The program ran for about six months in 2022 before operations of the upstream hydroelectric dam cut flows to the area to a very low level. The Russian River program nevertheless stands as an example of creative solutions that can be achieved even in severe drought conditions. Water agencies involved in the development of the agreement intend to take lessons learned from 2022 and continually improve the program in the future. The success of the program is tied directly to the collaboration and trust that was built between all stakeholders and with the state.
Possible Improvements in System Without Disruption
The regulation of water rights has worked to date, but more recently, and especially during the drought, the existing administration of rights may have proven to be too cumbersome to respond quickly to changing circumstances. The system therefore should be stabilized and modernized at the margins to achieve efficiency.

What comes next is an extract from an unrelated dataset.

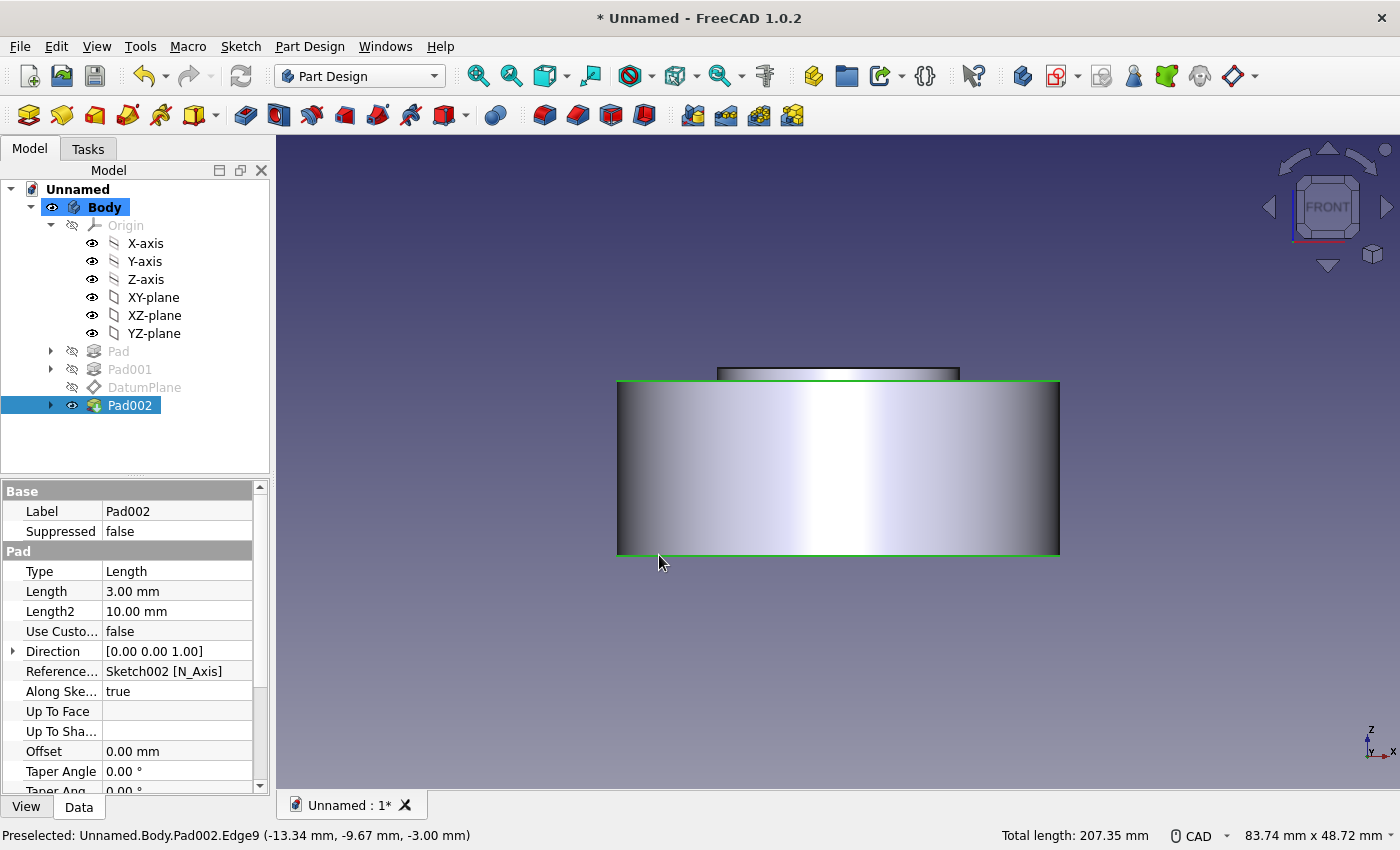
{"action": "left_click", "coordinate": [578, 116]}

A wholesale overhaul of the water rights system is not only unnecessary but also disruptive to a state that relies on a complex network of water conveyances to ensure that Californians have access to water. An overhaul would upend decades of property rights and would undo contracts and conveyance agreements under which water is moved from one area of the state to another, which could strand expensive assets, and would instigate expensive and lengthy litigation. It also inevitably would pit every water user in the state against each other.
As seen in the Russian River example, state and local partnerships can be helpful to achieving better water management without touching the underlying water rights system. Local stakeholders have the benefit of deep knowledge of their watersheds and also would be tasked with any program implementation, but the state provides important resources with data and support. Additionally, the State Water Board could focus on enforcement of the existing system in order to protect existing rights and reduce illegal diversions.
With something as fundamental as the system through which all Californians receive their water, policymakers must make strategic improvements that make the system more nimble, efficient and predictable, and avoid disruptions.